Research (Baker, Gersten, & Lee, 2002; Carnine, 1997; Doabler et al., 2012; Witzel, Mercer, & Miller, 2003) indicates that all students, but particularly struggling learners, benefit from the provision of explicit instruction, which can be defined as a direct an unambiguous approach to instruction that incorporates instructional design and instructional delivery procedures (Archer & Hughes, 2011).
Moreover, students benefit from having strategies for learning content made conspicuous for them but only when these strategies are designed to support the transfer of knowledge from the specific content being taught (i.e., the mathematics problems that are the focus of instruction during a particular class period) to a broader, more generalizable context (e.g., similar mathematics problems with similar or more complex types of numbers, similar mathematics problems presented during whole group instruction to be solved collaboratively, in pairs, or independently as part of homework) (Kame’enui, Carnine, Dixon, & Burns, 2011).

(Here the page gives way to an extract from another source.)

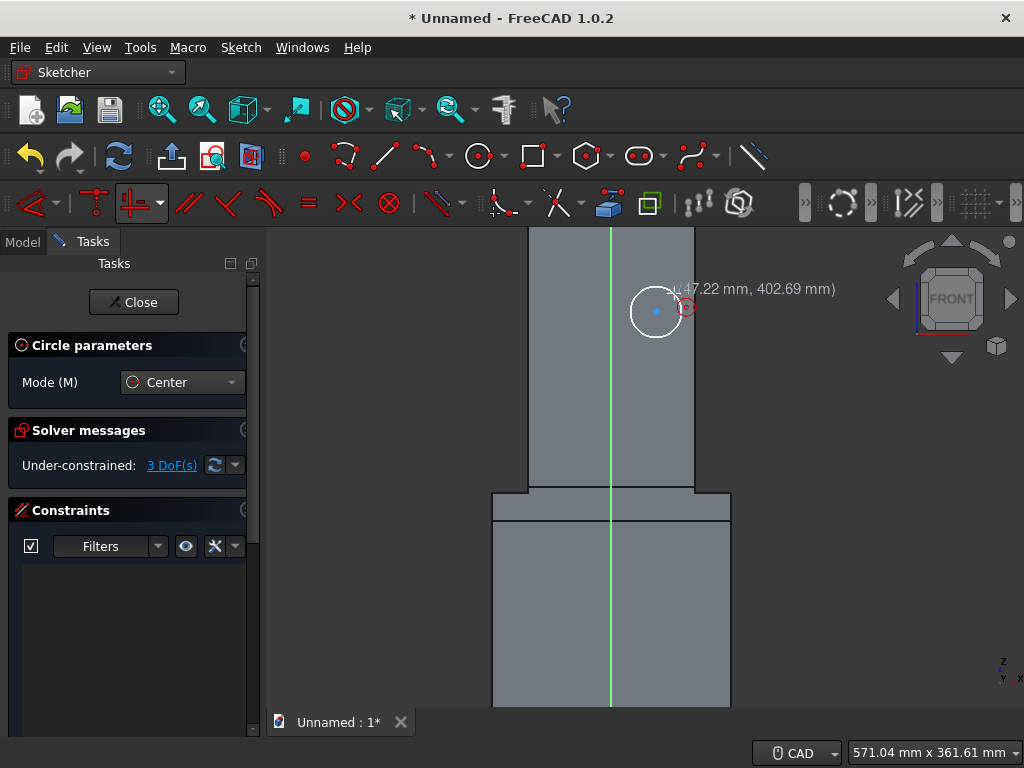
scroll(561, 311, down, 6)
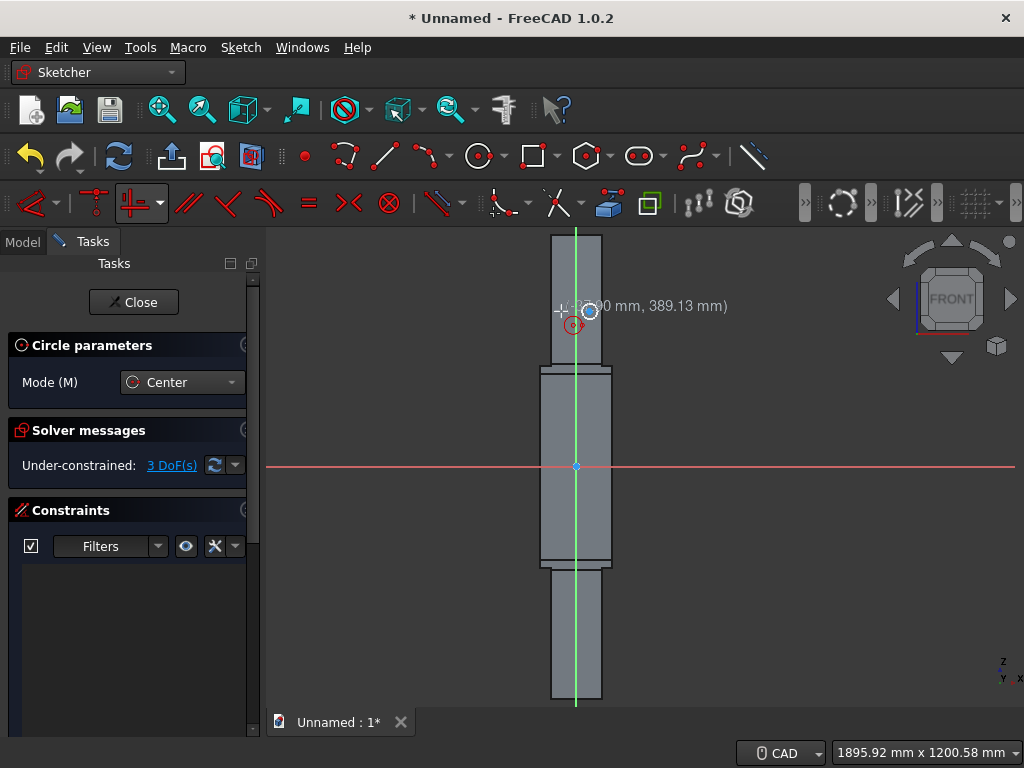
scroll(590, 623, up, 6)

What is explicit instruction?
As noted previously, the idea of explicit instruction includes both instructional design and instructional delivery features, and requires that we carefully consider not only the content we plan to teach and the order in which that content is sequenced but also the methods we used to deliver that instruction to our students. In this series of blogs, we will provide you with elements of explicit instruction as well as examples and/or steps to carrying out these recommendations.
Focusing instruction on critical content (e.g., skills, strategies, concepts, vocabulary) that is essential for promoting student understanding of the target content as well as future, related content.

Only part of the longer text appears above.